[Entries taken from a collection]
──────────

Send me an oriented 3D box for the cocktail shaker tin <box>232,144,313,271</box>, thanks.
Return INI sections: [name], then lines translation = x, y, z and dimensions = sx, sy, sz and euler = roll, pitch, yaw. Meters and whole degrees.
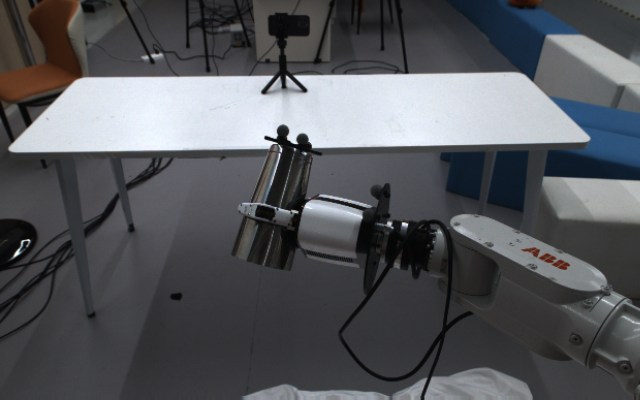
[cocktail shaker tin]
translation = -0.064, 0.010, 0.712
dimensions = 0.093, 0.170, 0.093
euler = 15, -4, 1
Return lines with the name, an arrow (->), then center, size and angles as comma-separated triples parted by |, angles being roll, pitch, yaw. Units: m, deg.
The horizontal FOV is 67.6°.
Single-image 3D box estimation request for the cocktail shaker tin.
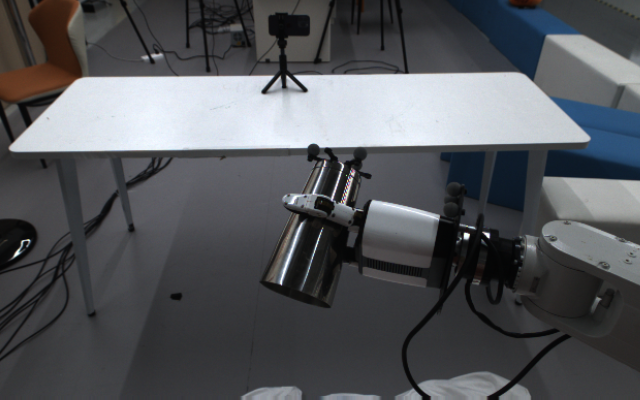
cocktail shaker tin -> -0.004, 0.038, 0.608 | 0.093, 0.093, 0.170 | 14, 70, 16
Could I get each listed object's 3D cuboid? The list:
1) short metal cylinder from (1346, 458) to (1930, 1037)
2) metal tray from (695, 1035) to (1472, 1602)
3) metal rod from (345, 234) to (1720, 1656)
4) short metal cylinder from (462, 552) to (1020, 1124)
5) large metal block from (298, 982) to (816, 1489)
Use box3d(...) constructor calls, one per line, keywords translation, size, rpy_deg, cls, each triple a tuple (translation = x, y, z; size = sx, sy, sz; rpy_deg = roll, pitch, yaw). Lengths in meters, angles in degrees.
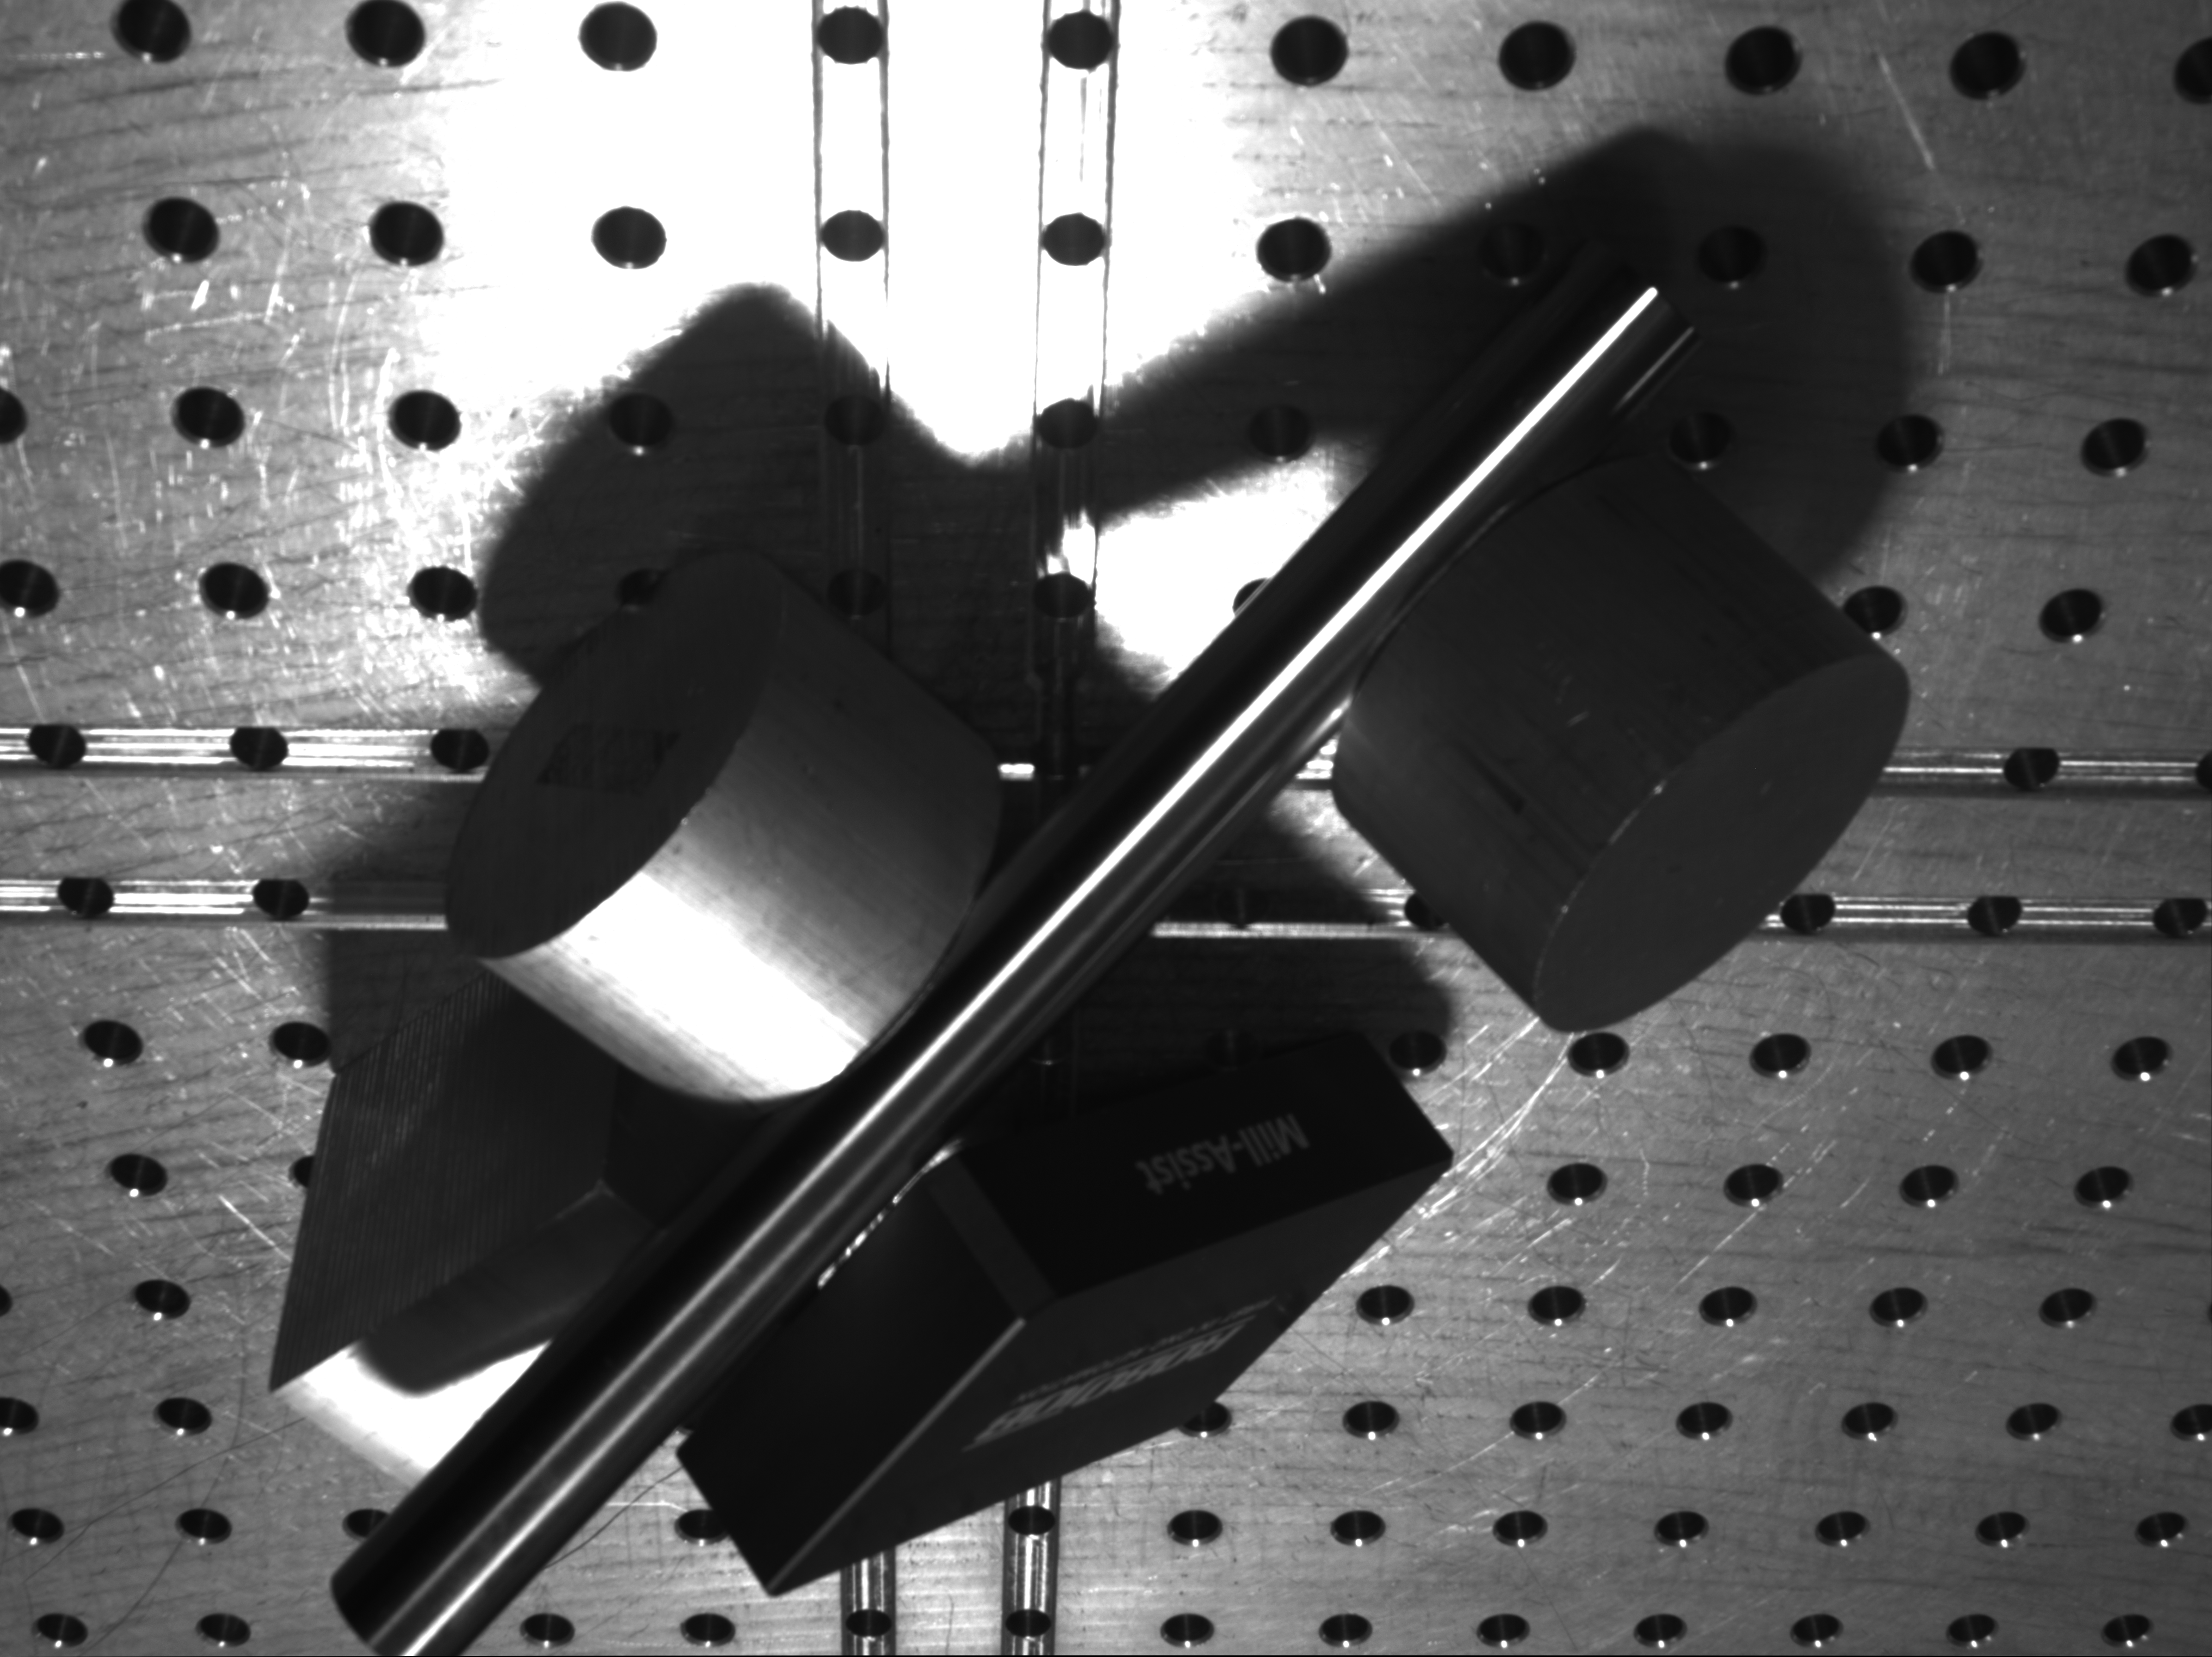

──────────

== Try it ==
Although the records contain pictures, the copy should hold only their text, reproduced exactly.

== Solution for this task ==
Send me an oriented 3D box for the cocktail shaker tin <box>232,144,313,271</box>, thanks.
Return INI sections: [name], then lines translation = x, y, z and dimensions = sx, sy, sz and euler = roll, pitch, yaw. Meters and whole degrees.
[cocktail shaker tin]
translation = -0.064, 0.010, 0.712
dimensions = 0.093, 0.170, 0.093
euler = 15, -4, 1
Return lines with the name, an arrow (->), then center, size and angles as comma-separated triples parted by |, angles being roll, pitch, yaw. Units: m, deg.
The horizontal FOV is 67.6°.
Single-image 3D box estimation request for the cocktail shaker tin.
cocktail shaker tin -> -0.004, 0.038, 0.608 | 0.093, 0.093, 0.170 | 14, 70, 16
Could I get each listed object's 3D cuboid? The list:
1) short metal cylinder from (1346, 458) to (1930, 1037)
2) metal tray from (695, 1035) to (1472, 1602)
3) metal rod from (345, 234) to (1720, 1656)
4) short metal cylinder from (462, 552) to (1020, 1124)
5) large metal block from (298, 982) to (816, 1489)
Use box3d(...) constructor calls, one per line, keywords translation, size, rpy_deg, cls, each triple a tuple (translation = x, y, z; size = sx, sy, sz; rpy_deg = roll, pitch, yaw). Lengths in meters, angles in degrees.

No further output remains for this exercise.